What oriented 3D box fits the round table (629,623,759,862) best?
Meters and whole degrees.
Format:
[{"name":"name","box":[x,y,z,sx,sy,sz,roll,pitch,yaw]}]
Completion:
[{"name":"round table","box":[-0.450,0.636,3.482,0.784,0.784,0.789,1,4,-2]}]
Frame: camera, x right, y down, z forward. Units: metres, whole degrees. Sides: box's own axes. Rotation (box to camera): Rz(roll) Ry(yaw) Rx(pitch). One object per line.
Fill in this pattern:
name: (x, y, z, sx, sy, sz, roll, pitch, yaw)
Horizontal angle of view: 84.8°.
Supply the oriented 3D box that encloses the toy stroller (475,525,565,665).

==

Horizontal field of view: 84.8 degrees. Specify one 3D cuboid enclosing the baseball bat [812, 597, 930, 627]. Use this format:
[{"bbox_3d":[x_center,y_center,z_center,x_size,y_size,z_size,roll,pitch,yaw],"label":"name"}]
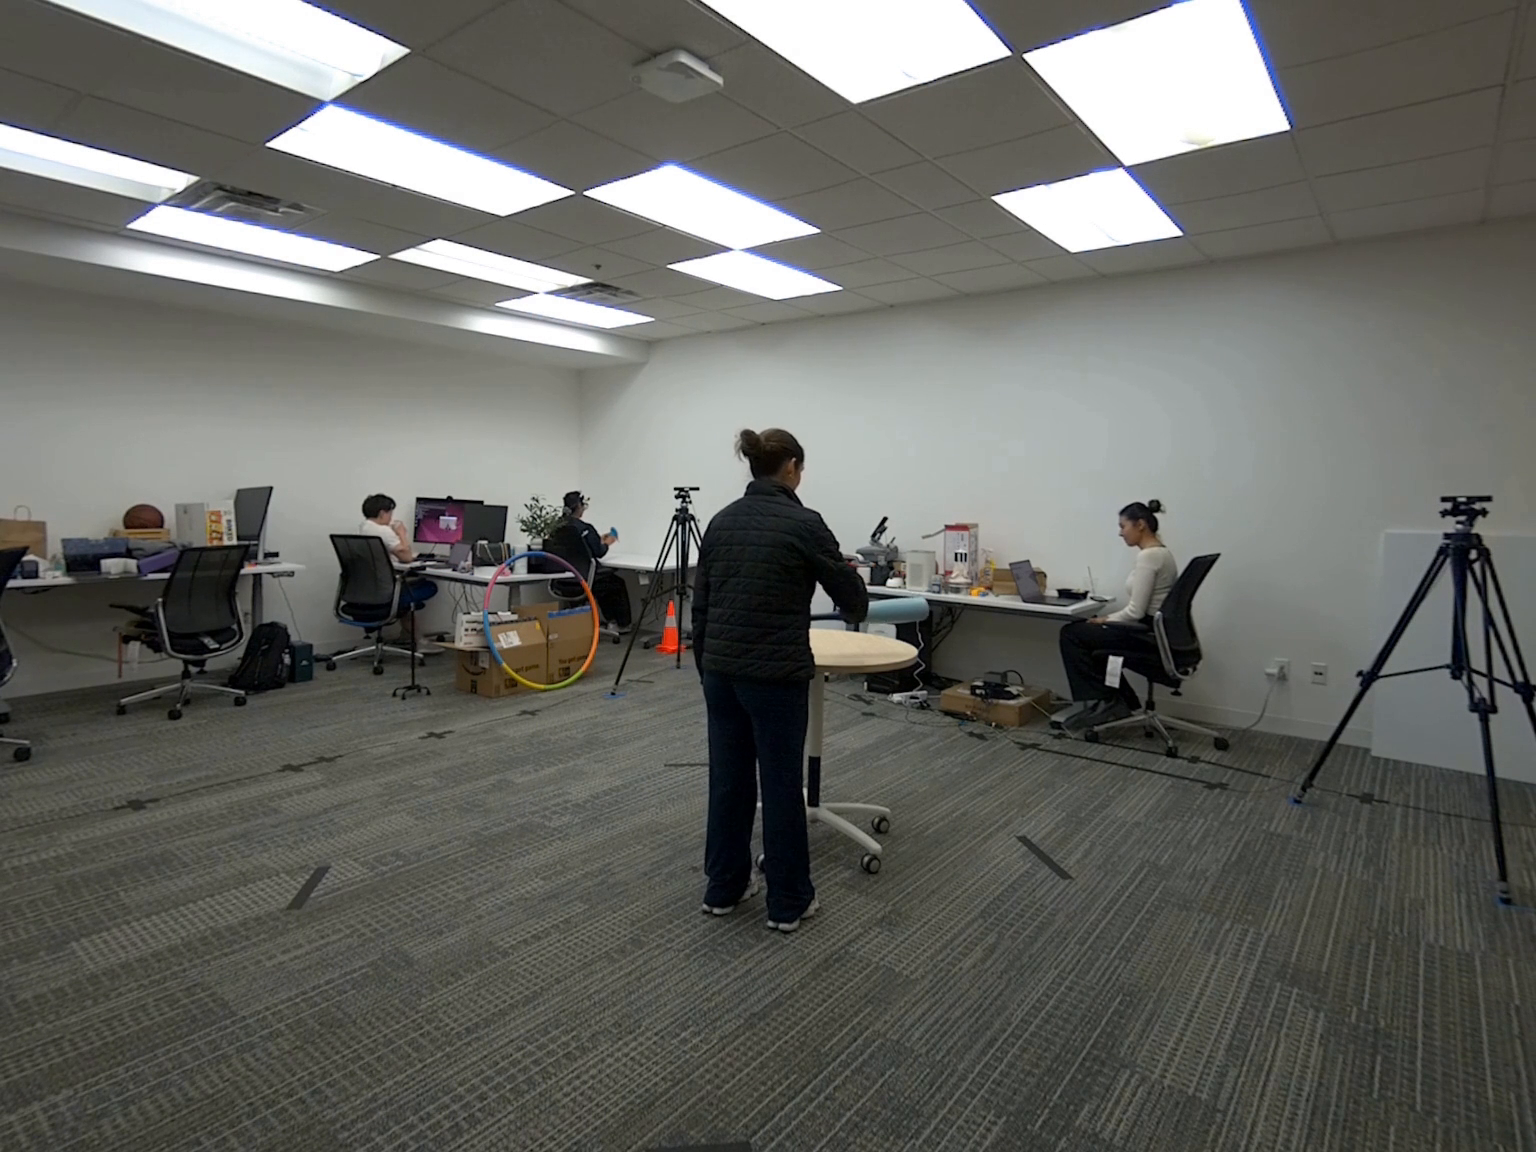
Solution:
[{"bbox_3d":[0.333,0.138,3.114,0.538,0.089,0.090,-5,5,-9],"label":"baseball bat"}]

---

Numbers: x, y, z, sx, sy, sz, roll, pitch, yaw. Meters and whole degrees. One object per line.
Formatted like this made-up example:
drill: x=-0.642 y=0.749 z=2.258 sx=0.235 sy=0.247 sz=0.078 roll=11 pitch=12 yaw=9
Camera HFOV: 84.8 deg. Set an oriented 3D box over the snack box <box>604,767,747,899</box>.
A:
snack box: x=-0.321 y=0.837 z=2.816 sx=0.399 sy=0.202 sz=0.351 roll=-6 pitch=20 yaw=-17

WHAT THE TASK ASKS: Your answer should consist only of the lines above between the line holding "What oriented 3D" and the line holding "Supply the oriented", inclusive, each transcribed exactly.

RESPONSE FOR THIS EXERCISE:
What oriented 3D box fits the round table (629,623,759,862) best?
Meters and whole degrees.
Format:
[{"name":"name","box":[x,y,z,sx,sy,sz,roll,pitch,yaw]}]
Completion:
[{"name":"round table","box":[-0.450,0.636,3.482,0.784,0.784,0.789,1,4,-2]}]
Frame: camera, x right, y down, z forward. Units: metres, whole degrees. Sides: box's own axes. Rotation (box to camera): Rz(roll) Ry(yaw) Rx(pitch). One object per line.
Fill in this pattern:
name: (x, y, z, sx, sy, sz, roll, pitch, yaw)
Horizontal angle of view: 84.8°.
Supply the oriented 3D box that encloses the toy stroller (475,525,565,665).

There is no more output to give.